Once you leave the ‘elevator’ you’re brought into a cold cave with narrow corridors and dim lights that can fail at any moment.

Here and there you come across the infamous crystals with special green and purplish light that Jasper is looking for and you even come face to face with a fire spectacle. Just before you board the expedition vehicle, all visitors are given safety goggles – which are really 3D glasses – and then the real ride begins.

The next stage of the ride is perhaps best described by Roland Kleve, director of Bobbejaanland

“The tour suddenly takes a different turn when guide Jasper sees a special entrance. Behind the door is a beautiful baby. It is guarded by stone warriors and monsters who are not happy that people are looking for those treasures. ”That is the start of an exciting adventure. “It is a real experience attraction,”

The next stage of development is perhaps best shown in a video. 

This first one shows some of the huge amount of testing that went into the ride.

When it was completed (it passed with flying colours) it was a case of strip it back down, pack it up and get it shipped to the Netherlands for installation.

Shipping a ride poses a new challenge every time and packing them up has become a fine art the team have now perfected. In this one, you can see how many individual boxes and containers were involved and how carefully everything was dissembled, packed and shipped, to make the build process easier when we arrived on-site for the installation. 

Installation is a three-part process and obviously critical for the success of the ride. Even though a ride may have been tested for hundreds of hours in the test bays at the factory, it doesn’t always follow that it will work first time on install, if the prep work isn’t right. 

Before the ride has arrived there’s a mammoth task in building the platform and the structure in which the ride itself will be housed. This has to be exactly to plan and millimetre perfect or the install will inherit problems that cause hold-ups and the potential for operational issues further down the line. You can see from these images that the prep work all looked pretty much perfect.
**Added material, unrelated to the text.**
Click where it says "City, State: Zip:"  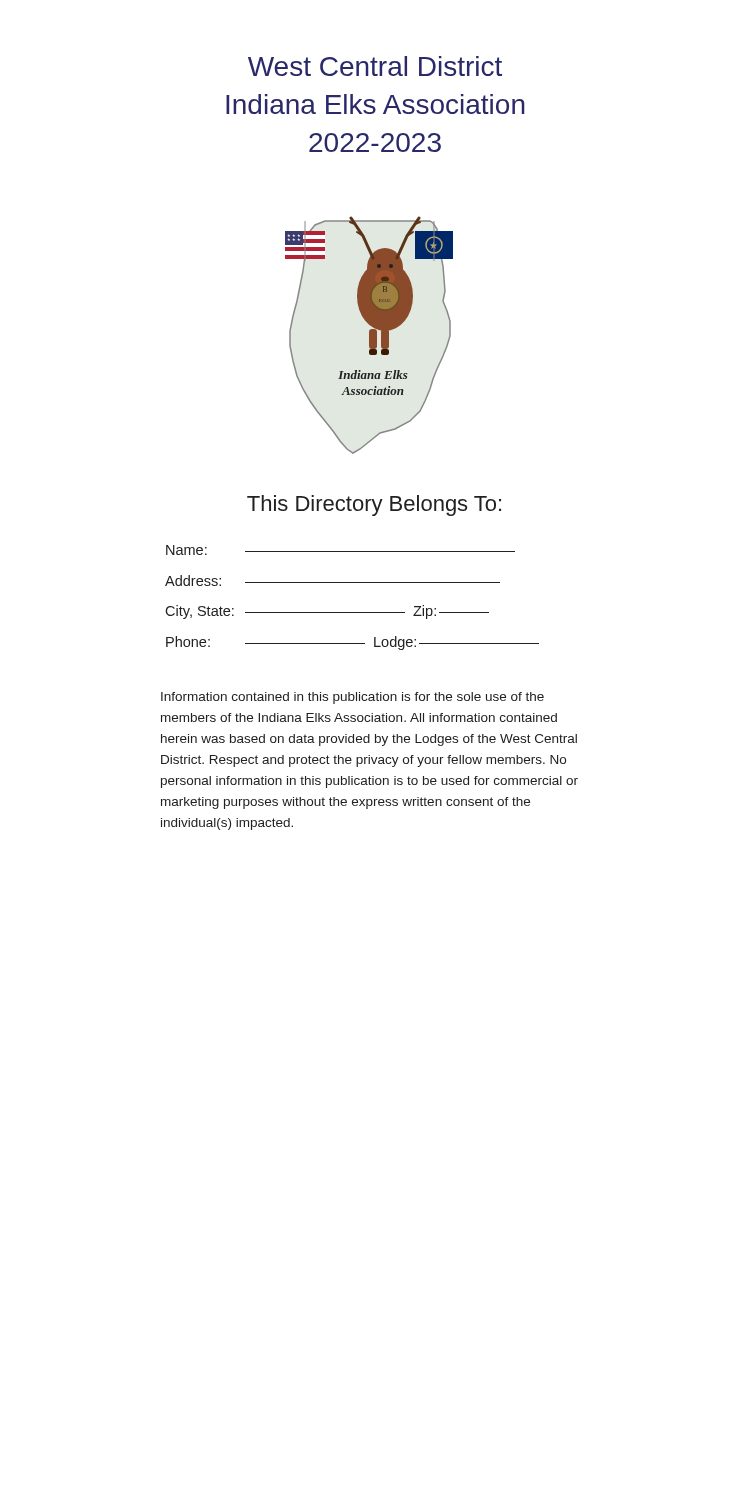coord(327,611)
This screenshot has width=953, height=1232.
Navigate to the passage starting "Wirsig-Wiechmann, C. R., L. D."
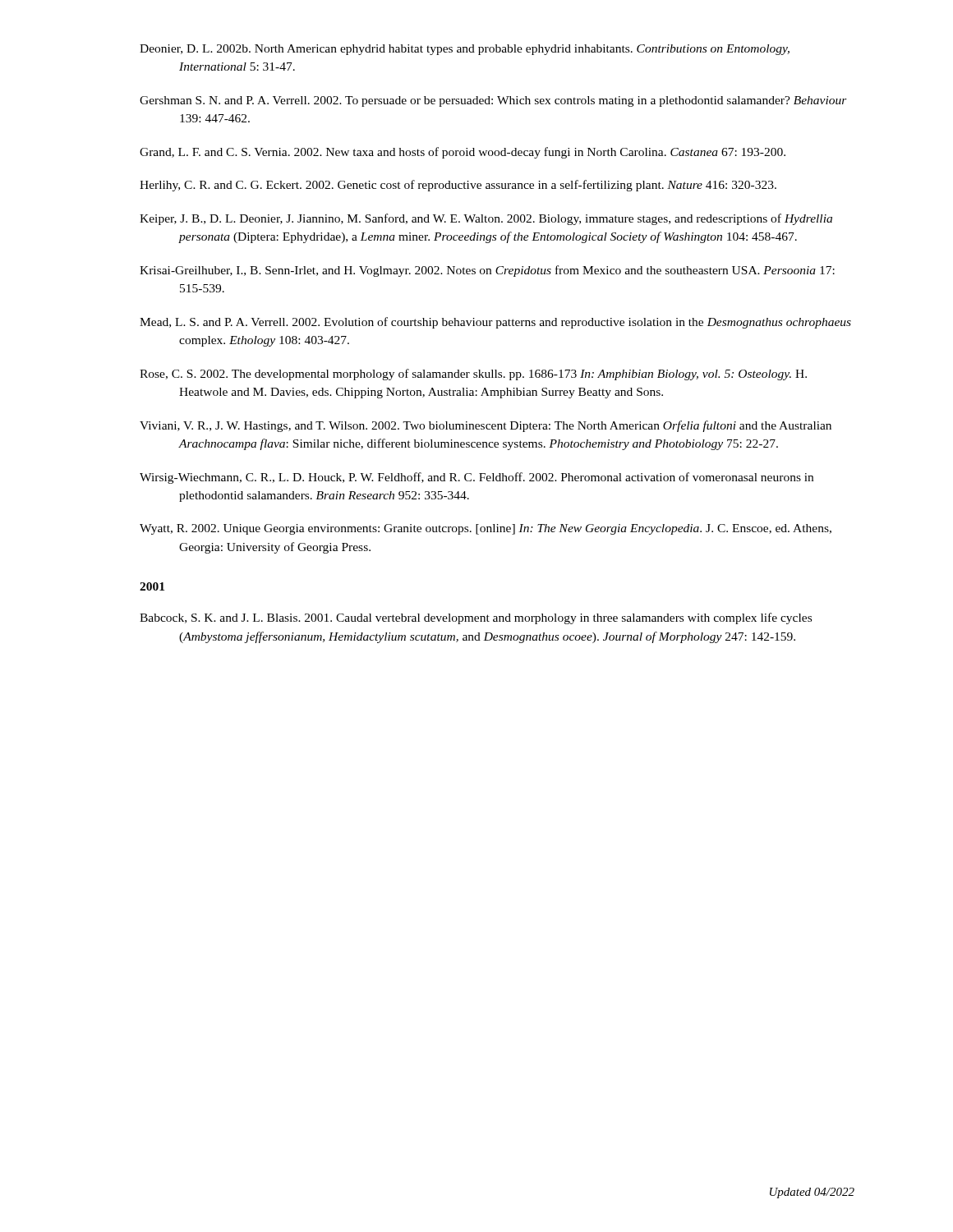(477, 486)

The second stage is when the ride arrives. It’s unpacked from the nearest agreed access point and carried to its final destination. This is again all pre-planned so we ensure that what’s delivered to the outside of the site, can be delivered right into the ride area. Without this joined-up planning and teamwork, we could easily be left with having the unenviable task of dismantling a ride outside, just so we can get it through the doors.

The final stage is to build the ride back up and ensure that it’s all working to plan. Whilst the ride itself is being built, we were also building up the projection screens for the story to play itself out. If the illusion of immersion within the story is going to work properly on a dark ride, this has to be perfect. A few millimetres out here and there may not seem like much in a huge area like this one, but when there’s projection involved, it has to be right, or the audiovisual team will always struggle to get their element of the film in focus.